Beautiful spotless room, complete with a posted board of good memories.

(I had a lot more suitcases than you can see in this picture, but let's just pretend that's all I brought)

On our way to church that evening, I just had to stop and take a pictures of Emily's beautiful rental...
A convertible Mustang.

Sometimes blessings come in horse shaped packages.

The church service that night was amazing and I had such a good time slowing down for dips in the road while I was driving to the restaurant after church.

I had to pass a car to make my turn so I went against my usual recommendation of not changing lanes in the middle of an intersection, and for some strange reason the car I cut off was flashing his lights at me.

Couldn't figure out why until I left the intersection and about left my front bumper in the intersection too.

How was I supposed to know there was a drop the size of the Grand Canyon just sitting here waiting for me to drive by??


I usually will post a picture of my rental car, but lets just say that the only redeeming quality of my Jeep Compass was that it was high enough off the ground that I didn't cause considerable damage to the front of it when I hit the dip.

We went to bed late that night with visions of breakfast break-dancing in our heads.
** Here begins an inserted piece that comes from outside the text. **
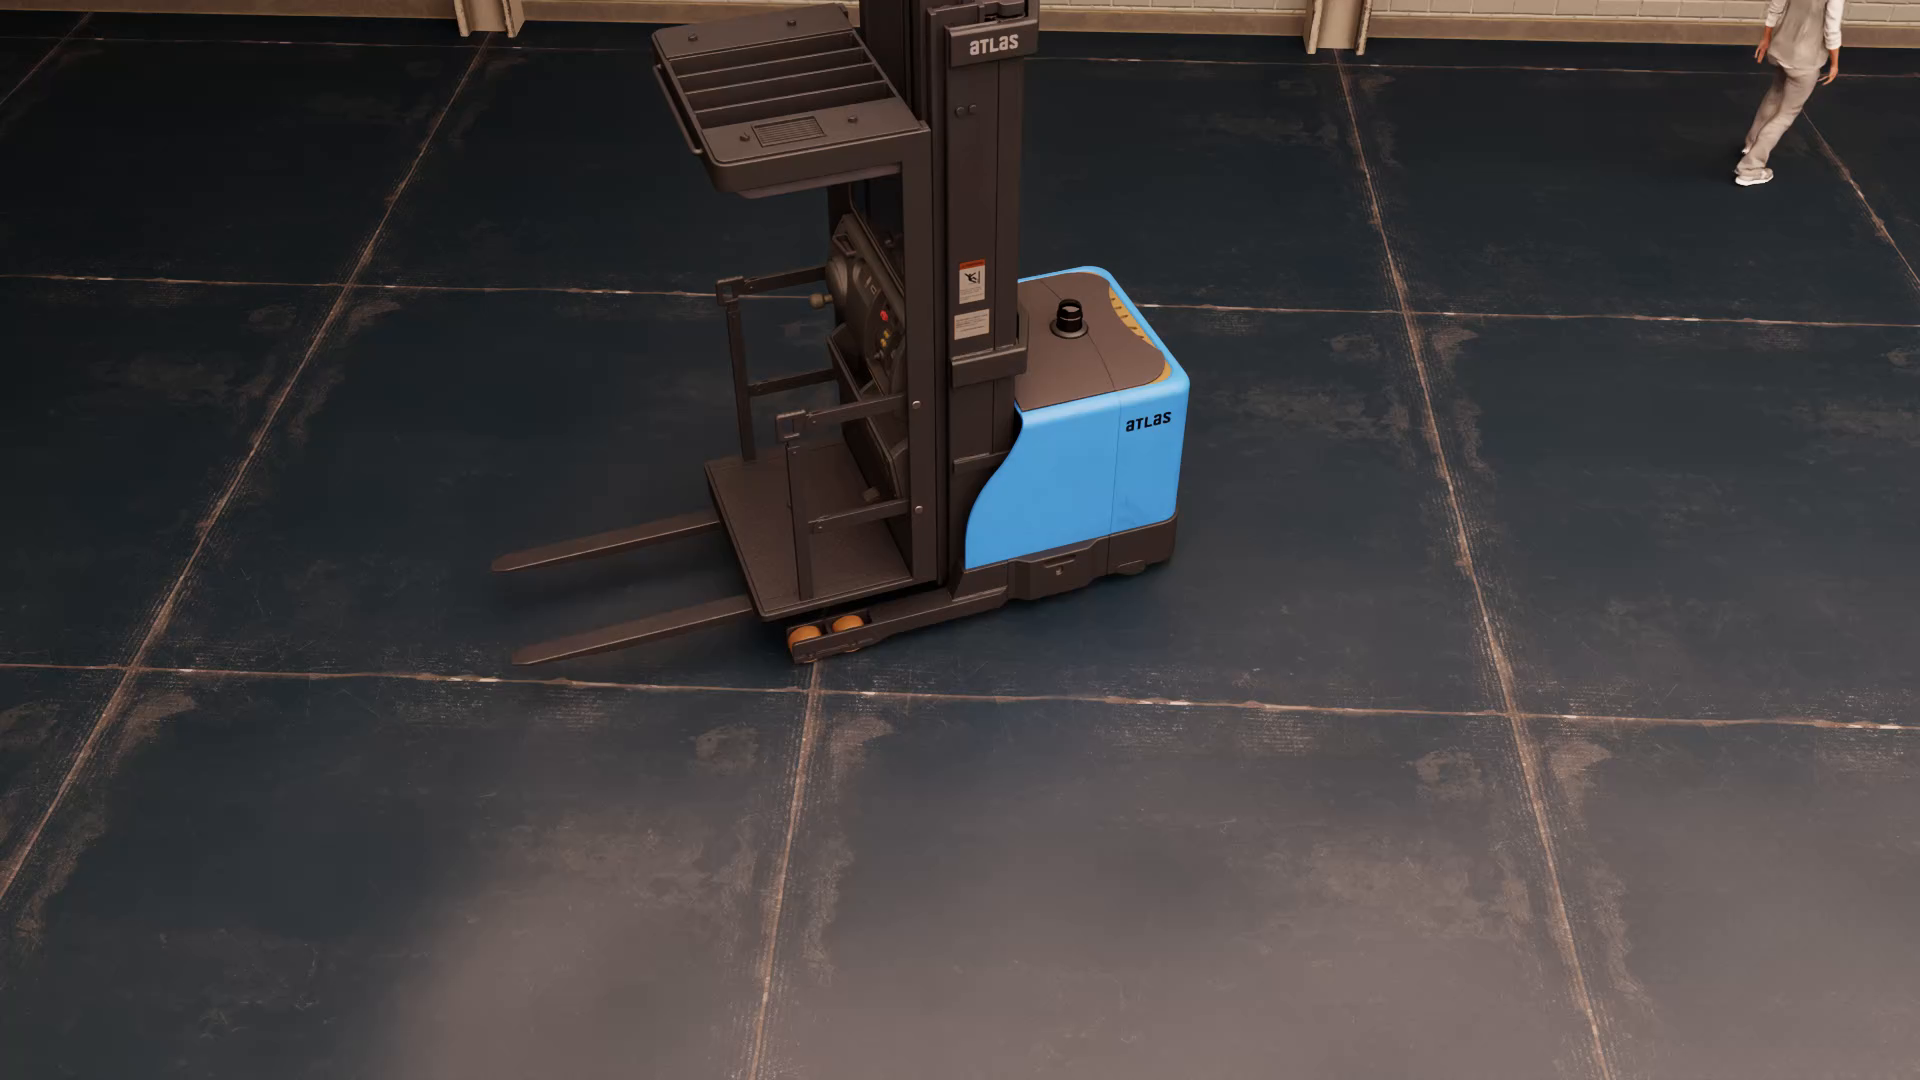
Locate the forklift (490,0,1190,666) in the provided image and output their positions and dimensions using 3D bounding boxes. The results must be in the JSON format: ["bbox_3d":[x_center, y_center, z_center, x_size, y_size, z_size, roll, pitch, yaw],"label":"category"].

I managed to get up every morning at 7, and still maintain some level of consciousness throughout most of the day.

As far as lack of sleep goes, it felt just a little worse than WCC.
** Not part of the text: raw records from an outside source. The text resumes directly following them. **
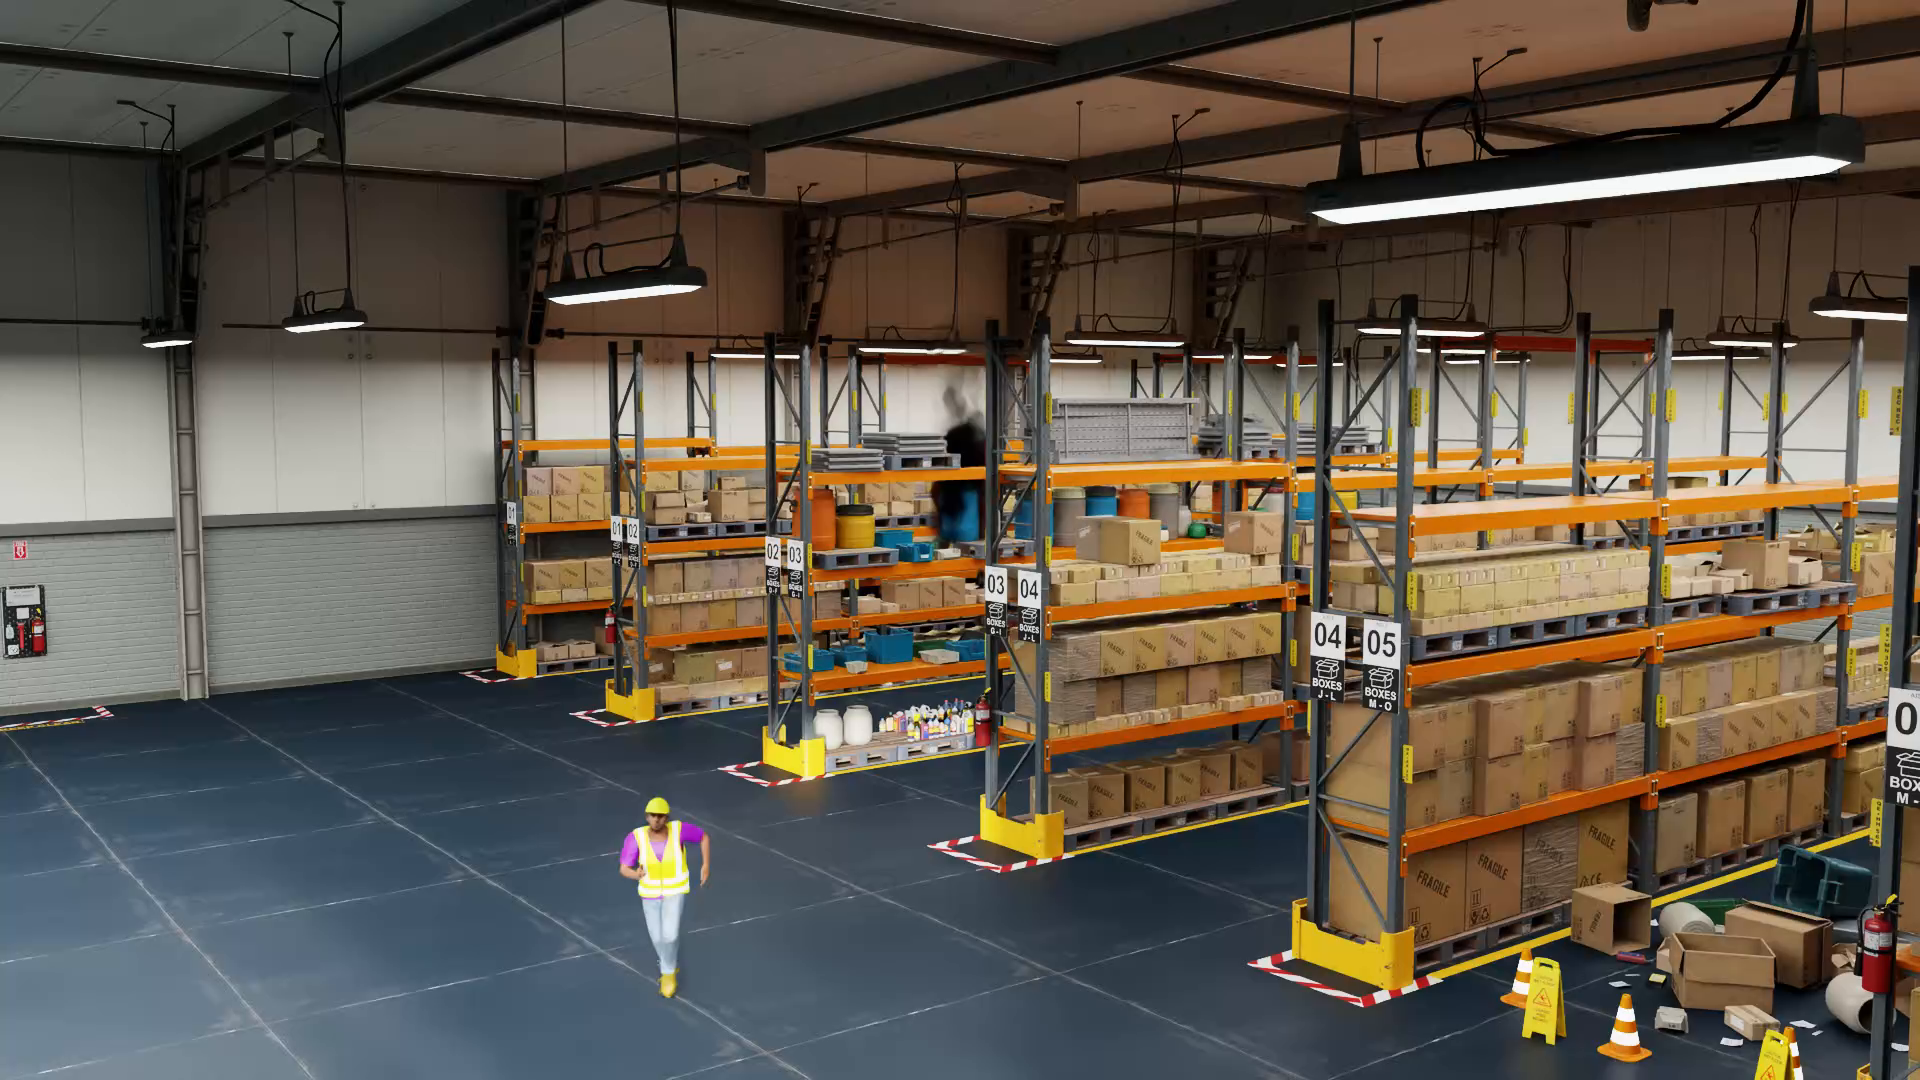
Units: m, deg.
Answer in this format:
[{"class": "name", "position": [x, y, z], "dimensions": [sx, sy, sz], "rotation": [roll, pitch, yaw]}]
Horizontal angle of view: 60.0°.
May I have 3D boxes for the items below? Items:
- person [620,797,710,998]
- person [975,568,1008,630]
[{"class": "person", "position": [-2.526, 3.036, 14.222], "dimensions": [0.735, 1.736, 0.796], "rotation": [0, 5, -3]}, {"class": "person", "position": [0.605, 1.302, 34.371], "dimensions": [0.993, 1.720, 0.673], "rotation": [-4, 7, -41]}]

We stepped out and headed over to the Genelli's house and were greeted by a happy, hike-ready Jenny.

Ok, there's a picture of the Jeep, it wasn't that bad of a car, really.

Better than walking at least.

We were planning on doing some outdoor activities but by the time we finished with our breakfast feast,

(eggs, waffles, blueberry bagels, strawberries, pineapple, sausages, apples, cookies)

took a death defying ride with Emily in the Mustang,

got the stink-eye from guard dog Shiloh,

DROVE the Mustang, with the top down,

it was much too late to start off on such an adventure.

So we decided to go to one of my favorite outdoor malls and do some shopping and walking.

And help Jenny find a dress to buy. You know, since me and Luke know about stuff like that.

A spectacular food court.

Messy hair, don't care.

Best running shoes I've ever bought.

That evening before church Heidi and Emily each made their own version of taco soup and it were delicious.

I was so stuffed from the weekend, they kept on throwing every kind of food you could think of at us.

Most importantly, there was plenty of avocado.

So much so that I got to eat the extra half avocado that we didn't need.

At least Jenny looks like she approves of what I'm doing. Or maybe she just can't see me.

A little before dinner entertainment.

At church that night, the place was packed with elders,

Bro. Hyler, Bro. Brown, Bro. Stolsfuz, and the late Jason Hood, whose picture stood on the front row, right next to Bro. Fraizer.

The younger Stoltzfus tearing it up.

A a year or two ago, when we were down in this area of California, and had met up with some of the Fontana people, I had swapped watches with Myles. 

The one he gave me consequently broke before I got back from the trip LOL it's ok buddy.

But mine is still ticking, so he wore it in honor of the night.

When connections are real, they simply never die.

Real connections live on forever.

May you still have hair on your blessed head by the time I blog part 2.